Along with various methods of individual research, it's important we utilize all avenues of information gathering. Some of the most reliable information often comes from carefully collected databases, newsgroups, alongside general web search. Here we cover the utmost basics of these methods, paired with subscriptions:
Searching the Web
The Web is the greatest collection of information the world has ever seen. It contains billions of pages of information about every topic known to man; so much information you could never exhaust the content that’s on the Web right now, to say nothing of the thousands of new websites launched every day. Search engines are the gateway used to access all of this information, and without good search engines, the amazing wealth of information that is only a few keystrokes away would remain largely inaccessible.

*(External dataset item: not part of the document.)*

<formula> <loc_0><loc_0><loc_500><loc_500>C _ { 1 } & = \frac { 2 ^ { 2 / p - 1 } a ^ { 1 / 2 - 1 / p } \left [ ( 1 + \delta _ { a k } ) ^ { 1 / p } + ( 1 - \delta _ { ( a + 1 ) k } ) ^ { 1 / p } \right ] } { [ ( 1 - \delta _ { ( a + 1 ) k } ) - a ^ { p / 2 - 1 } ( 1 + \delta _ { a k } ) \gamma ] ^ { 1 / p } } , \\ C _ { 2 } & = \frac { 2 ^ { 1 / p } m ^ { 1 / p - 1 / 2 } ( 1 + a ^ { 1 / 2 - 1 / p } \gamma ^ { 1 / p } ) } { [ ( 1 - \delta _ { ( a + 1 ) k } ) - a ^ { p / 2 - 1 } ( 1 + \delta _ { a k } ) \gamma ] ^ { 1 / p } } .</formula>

An Indexing and Retrieval System
Search engines work by doing three things:
- Scouring the web for content.
- Indexing the content they find.
- Returning the results that are most relevant to a search term by comparing the term to the indexed content.
Web crawlers sometimes called spiders, locate a web page, and send its contents back to the search engine index. The web crawler then follows every link on the web page to capture all of the content presented on the website, as well as the websites that the page is linked to. In this way, web crawlers not only capture the content of a web page, but they also capture the links that tie different websites together.
Google, founded in 1997, dominates the search engine market with more than 60% of global market share.
The information sent back by a web crawler is analyzed by the search engine and indexed. The search engine indexes web pages based on the web page’s title, headings, paragraph content, subheadings, and any other information contained on the page. The search engine uses this information to determine which topics the page provides relevant information about.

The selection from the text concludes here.